The Fraternal Society - Richard Hauser & Hephzibah HauserLondon: The Bodley Head, 1962, Hardback in Dust Wrapper.
Condition: Good+ — in Good+ Dust Wrapper. Plain paper dust wrapper a little edgeworn and faded with a little soiling to the upper panel with the price clipped. A little age-toning to the edges of the text block. Light spotting to the endpapers and blanks. Text complete, clean and tight otherwise.
Contains: Tables; Appendices ;
From the cover: “Since they came to England in 1957 the Hausers’ ‘community activation’ work has made its impact on many social problems. In this important book they explain their theories and describe their methods.
They believe that present conditions offer a real opportunity for society to emerge finally from the paternalistic mould and become truly fraternal. The first part of the book is an analysis of the structure of the paternal society both historically and as it still exists today. The unquestioning acceptance of the status quo and of petit bourgeois standards of human relationship is seen as the principal obstacle to social progress.
In the second part the authors show how they think this obstacle can be overcome. The fundamental aim of their work, in all its varied fields of application, is to stimulate people to think and act for themselves, and to have a concern for others. The efficacy of their methods is amply demonstrated by the accounts they give of their work with prisoners, backward pupils in secondary schools, mental patients and ex-patients, lonely housewives in new building areas, and many other ‘socially handicapped’ groups.

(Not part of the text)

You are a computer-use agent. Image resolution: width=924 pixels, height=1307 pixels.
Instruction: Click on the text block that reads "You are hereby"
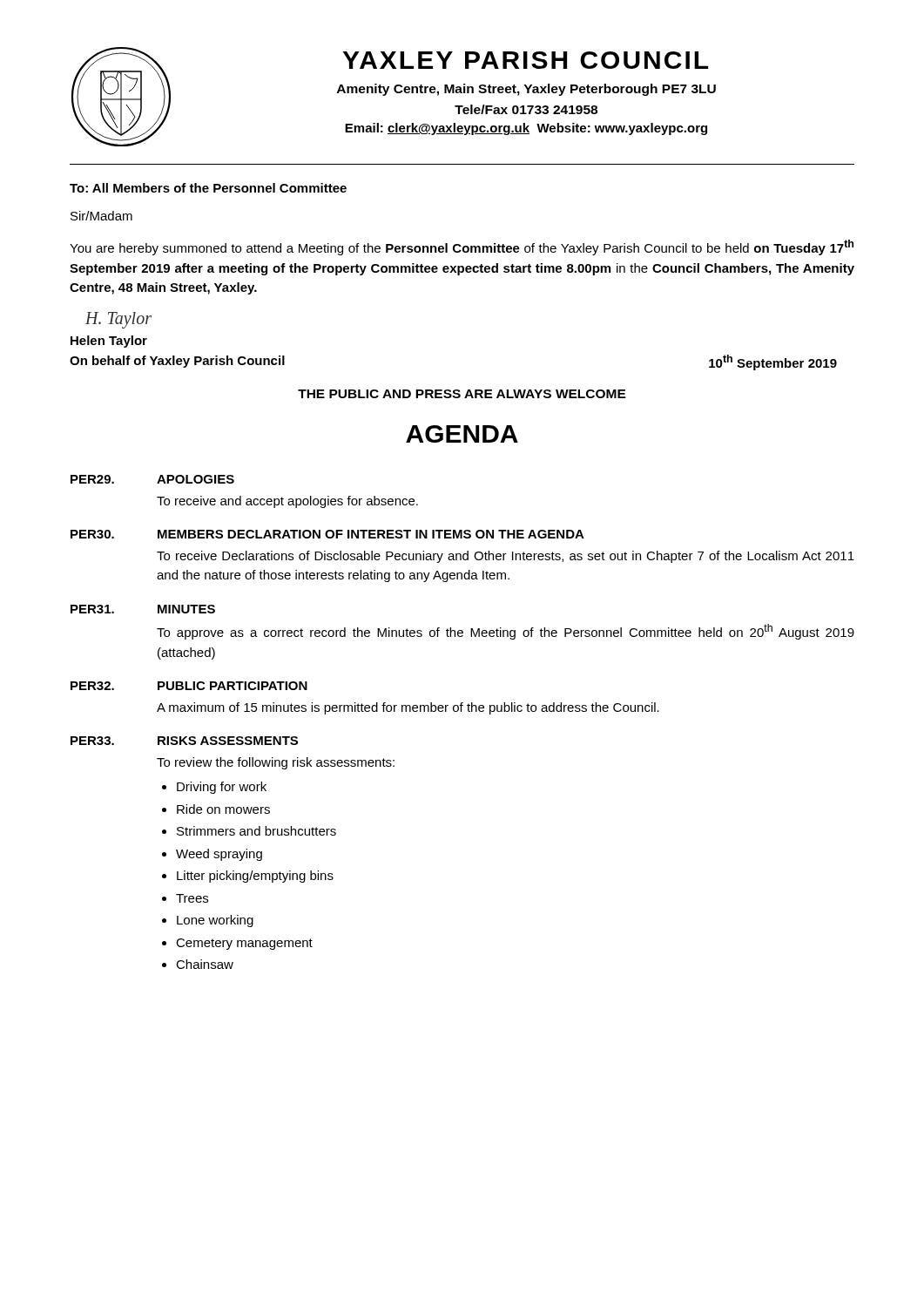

They have applied the same methods to the community as a whole in such troubled areas as Notting Hill. They are conscious that they have made mistakes, and that their methods are still evolving, but they hope that this personal statement will be helpful to other social workers and to all who share their desire to see fraternal and purposeful social attitudes replace the apathy and inertia which are still so widespread.
The Fraternal Society will arouse hostility in some quarters, but it will be widely welcomed for its fresh approach to social problems and for the breadth of its vision.”